== Work to complete ==
What is needed is an exact repetition of the lines below, from the first one through the one holding "import io.airbyte.config.FailureReason.FailureType;", with no pictures and nothing else.

== Records for this task ==
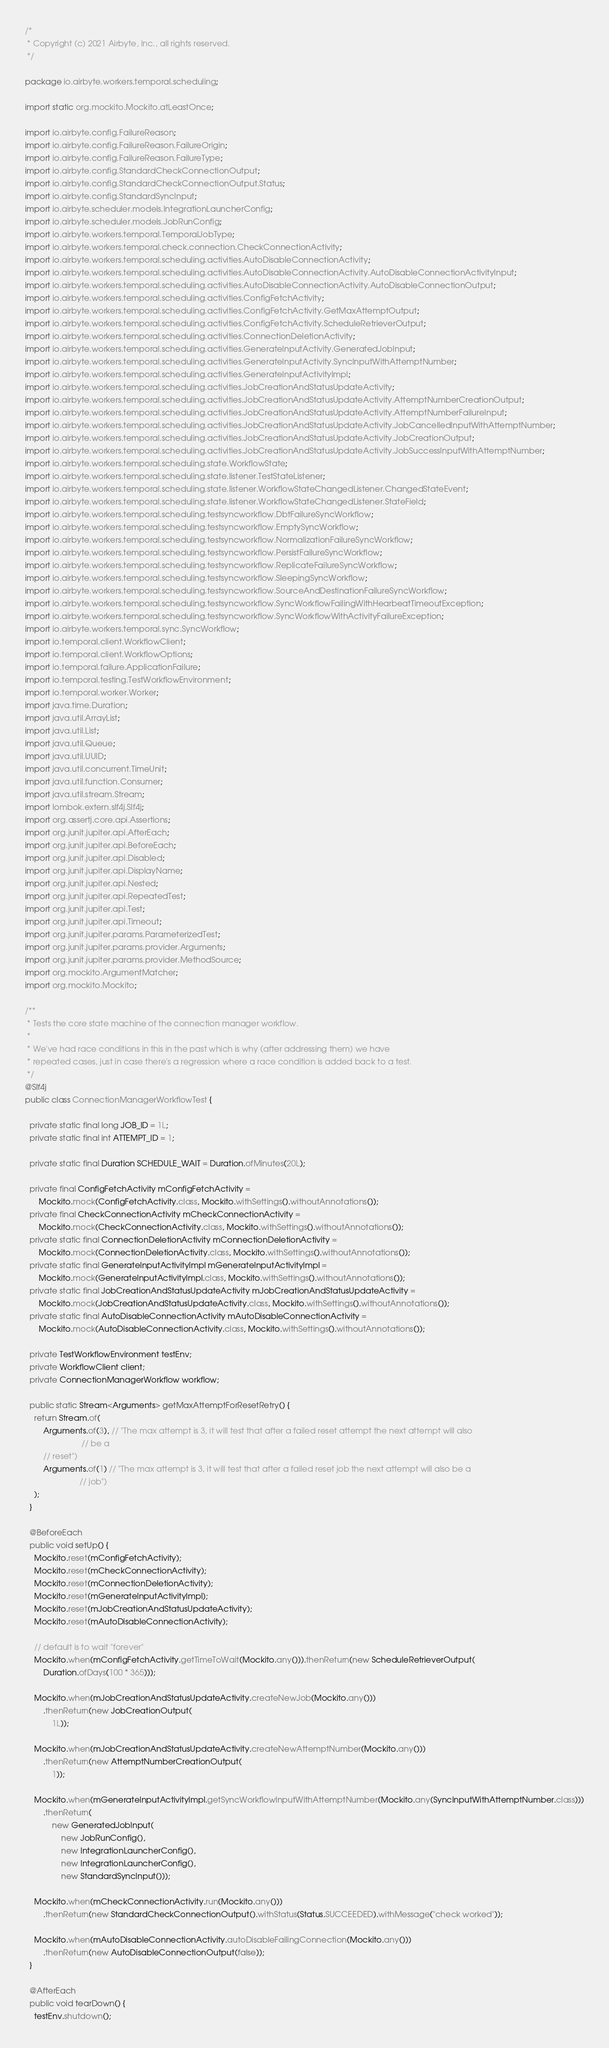Convert code to text. <code><loc_0><loc_0><loc_500><loc_500><_Java_>/*
 * Copyright (c) 2021 Airbyte, Inc., all rights reserved.
 */

package io.airbyte.workers.temporal.scheduling;

import static org.mockito.Mockito.atLeastOnce;

import io.airbyte.config.FailureReason;
import io.airbyte.config.FailureReason.FailureOrigin;
import io.airbyte.config.FailureReason.FailureType;
import io.airbyte.config.StandardCheckConnectionOutput;
import io.airbyte.config.StandardCheckConnectionOutput.Status;
import io.airbyte.config.StandardSyncInput;
import io.airbyte.scheduler.models.IntegrationLauncherConfig;
import io.airbyte.scheduler.models.JobRunConfig;
import io.airbyte.workers.temporal.TemporalJobType;
import io.airbyte.workers.temporal.check.connection.CheckConnectionActivity;
import io.airbyte.workers.temporal.scheduling.activities.AutoDisableConnectionActivity;
import io.airbyte.workers.temporal.scheduling.activities.AutoDisableConnectionActivity.AutoDisableConnectionActivityInput;
import io.airbyte.workers.temporal.scheduling.activities.AutoDisableConnectionActivity.AutoDisableConnectionOutput;
import io.airbyte.workers.temporal.scheduling.activities.ConfigFetchActivity;
import io.airbyte.workers.temporal.scheduling.activities.ConfigFetchActivity.GetMaxAttemptOutput;
import io.airbyte.workers.temporal.scheduling.activities.ConfigFetchActivity.ScheduleRetrieverOutput;
import io.airbyte.workers.temporal.scheduling.activities.ConnectionDeletionActivity;
import io.airbyte.workers.temporal.scheduling.activities.GenerateInputActivity.GeneratedJobInput;
import io.airbyte.workers.temporal.scheduling.activities.GenerateInputActivity.SyncInputWithAttemptNumber;
import io.airbyte.workers.temporal.scheduling.activities.GenerateInputActivityImpl;
import io.airbyte.workers.temporal.scheduling.activities.JobCreationAndStatusUpdateActivity;
import io.airbyte.workers.temporal.scheduling.activities.JobCreationAndStatusUpdateActivity.AttemptNumberCreationOutput;
import io.airbyte.workers.temporal.scheduling.activities.JobCreationAndStatusUpdateActivity.AttemptNumberFailureInput;
import io.airbyte.workers.temporal.scheduling.activities.JobCreationAndStatusUpdateActivity.JobCancelledInputWithAttemptNumber;
import io.airbyte.workers.temporal.scheduling.activities.JobCreationAndStatusUpdateActivity.JobCreationOutput;
import io.airbyte.workers.temporal.scheduling.activities.JobCreationAndStatusUpdateActivity.JobSuccessInputWithAttemptNumber;
import io.airbyte.workers.temporal.scheduling.state.WorkflowState;
import io.airbyte.workers.temporal.scheduling.state.listener.TestStateListener;
import io.airbyte.workers.temporal.scheduling.state.listener.WorkflowStateChangedListener.ChangedStateEvent;
import io.airbyte.workers.temporal.scheduling.state.listener.WorkflowStateChangedListener.StateField;
import io.airbyte.workers.temporal.scheduling.testsyncworkflow.DbtFailureSyncWorkflow;
import io.airbyte.workers.temporal.scheduling.testsyncworkflow.EmptySyncWorkflow;
import io.airbyte.workers.temporal.scheduling.testsyncworkflow.NormalizationFailureSyncWorkflow;
import io.airbyte.workers.temporal.scheduling.testsyncworkflow.PersistFailureSyncWorkflow;
import io.airbyte.workers.temporal.scheduling.testsyncworkflow.ReplicateFailureSyncWorkflow;
import io.airbyte.workers.temporal.scheduling.testsyncworkflow.SleepingSyncWorkflow;
import io.airbyte.workers.temporal.scheduling.testsyncworkflow.SourceAndDestinationFailureSyncWorkflow;
import io.airbyte.workers.temporal.scheduling.testsyncworkflow.SyncWorkflowFailingWithHearbeatTimeoutException;
import io.airbyte.workers.temporal.scheduling.testsyncworkflow.SyncWorkflowWithActivityFailureException;
import io.airbyte.workers.temporal.sync.SyncWorkflow;
import io.temporal.client.WorkflowClient;
import io.temporal.client.WorkflowOptions;
import io.temporal.failure.ApplicationFailure;
import io.temporal.testing.TestWorkflowEnvironment;
import io.temporal.worker.Worker;
import java.time.Duration;
import java.util.ArrayList;
import java.util.List;
import java.util.Queue;
import java.util.UUID;
import java.util.concurrent.TimeUnit;
import java.util.function.Consumer;
import java.util.stream.Stream;
import lombok.extern.slf4j.Slf4j;
import org.assertj.core.api.Assertions;
import org.junit.jupiter.api.AfterEach;
import org.junit.jupiter.api.BeforeEach;
import org.junit.jupiter.api.Disabled;
import org.junit.jupiter.api.DisplayName;
import org.junit.jupiter.api.Nested;
import org.junit.jupiter.api.RepeatedTest;
import org.junit.jupiter.api.Test;
import org.junit.jupiter.api.Timeout;
import org.junit.jupiter.params.ParameterizedTest;
import org.junit.jupiter.params.provider.Arguments;
import org.junit.jupiter.params.provider.MethodSource;
import org.mockito.ArgumentMatcher;
import org.mockito.Mockito;

/**
 * Tests the core state machine of the connection manager workflow.
 *
 * We've had race conditions in this in the past which is why (after addressing them) we have
 * repeated cases, just in case there's a regression where a race condition is added back to a test.
 */
@Slf4j
public class ConnectionManagerWorkflowTest {

  private static final long JOB_ID = 1L;
  private static final int ATTEMPT_ID = 1;

  private static final Duration SCHEDULE_WAIT = Duration.ofMinutes(20L);

  private final ConfigFetchActivity mConfigFetchActivity =
      Mockito.mock(ConfigFetchActivity.class, Mockito.withSettings().withoutAnnotations());
  private final CheckConnectionActivity mCheckConnectionActivity =
      Mockito.mock(CheckConnectionActivity.class, Mockito.withSettings().withoutAnnotations());
  private static final ConnectionDeletionActivity mConnectionDeletionActivity =
      Mockito.mock(ConnectionDeletionActivity.class, Mockito.withSettings().withoutAnnotations());
  private static final GenerateInputActivityImpl mGenerateInputActivityImpl =
      Mockito.mock(GenerateInputActivityImpl.class, Mockito.withSettings().withoutAnnotations());
  private static final JobCreationAndStatusUpdateActivity mJobCreationAndStatusUpdateActivity =
      Mockito.mock(JobCreationAndStatusUpdateActivity.class, Mockito.withSettings().withoutAnnotations());
  private static final AutoDisableConnectionActivity mAutoDisableConnectionActivity =
      Mockito.mock(AutoDisableConnectionActivity.class, Mockito.withSettings().withoutAnnotations());

  private TestWorkflowEnvironment testEnv;
  private WorkflowClient client;
  private ConnectionManagerWorkflow workflow;

  public static Stream<Arguments> getMaxAttemptForResetRetry() {
    return Stream.of(
        Arguments.of(3), // "The max attempt is 3, it will test that after a failed reset attempt the next attempt will also
                         // be a
        // reset")
        Arguments.of(1) // "The max attempt is 3, it will test that after a failed reset job the next attempt will also be a
                        // job")
    );
  }

  @BeforeEach
  public void setUp() {
    Mockito.reset(mConfigFetchActivity);
    Mockito.reset(mCheckConnectionActivity);
    Mockito.reset(mConnectionDeletionActivity);
    Mockito.reset(mGenerateInputActivityImpl);
    Mockito.reset(mJobCreationAndStatusUpdateActivity);
    Mockito.reset(mAutoDisableConnectionActivity);

    // default is to wait "forever"
    Mockito.when(mConfigFetchActivity.getTimeToWait(Mockito.any())).thenReturn(new ScheduleRetrieverOutput(
        Duration.ofDays(100 * 365)));

    Mockito.when(mJobCreationAndStatusUpdateActivity.createNewJob(Mockito.any()))
        .thenReturn(new JobCreationOutput(
            1L));

    Mockito.when(mJobCreationAndStatusUpdateActivity.createNewAttemptNumber(Mockito.any()))
        .thenReturn(new AttemptNumberCreationOutput(
            1));

    Mockito.when(mGenerateInputActivityImpl.getSyncWorkflowInputWithAttemptNumber(Mockito.any(SyncInputWithAttemptNumber.class)))
        .thenReturn(
            new GeneratedJobInput(
                new JobRunConfig(),
                new IntegrationLauncherConfig(),
                new IntegrationLauncherConfig(),
                new StandardSyncInput()));

    Mockito.when(mCheckConnectionActivity.run(Mockito.any()))
        .thenReturn(new StandardCheckConnectionOutput().withStatus(Status.SUCCEEDED).withMessage("check worked"));

    Mockito.when(mAutoDisableConnectionActivity.autoDisableFailingConnection(Mockito.any()))
        .thenReturn(new AutoDisableConnectionOutput(false));
  }

  @AfterEach
  public void tearDown() {
    testEnv.shutdown();</code>

== Final answer ==
Convert code to text. <code><loc_0><loc_0><loc_500><loc_500><_Java_>/*
 * Copyright (c) 2021 Airbyte, Inc., all rights reserved.
 */

package io.airbyte.workers.temporal.scheduling;

import static org.mockito.Mockito.atLeastOnce;

import io.airbyte.config.FailureReason;
import io.airbyte.config.FailureReason.FailureOrigin;
import io.airbyte.config.FailureReason.FailureType;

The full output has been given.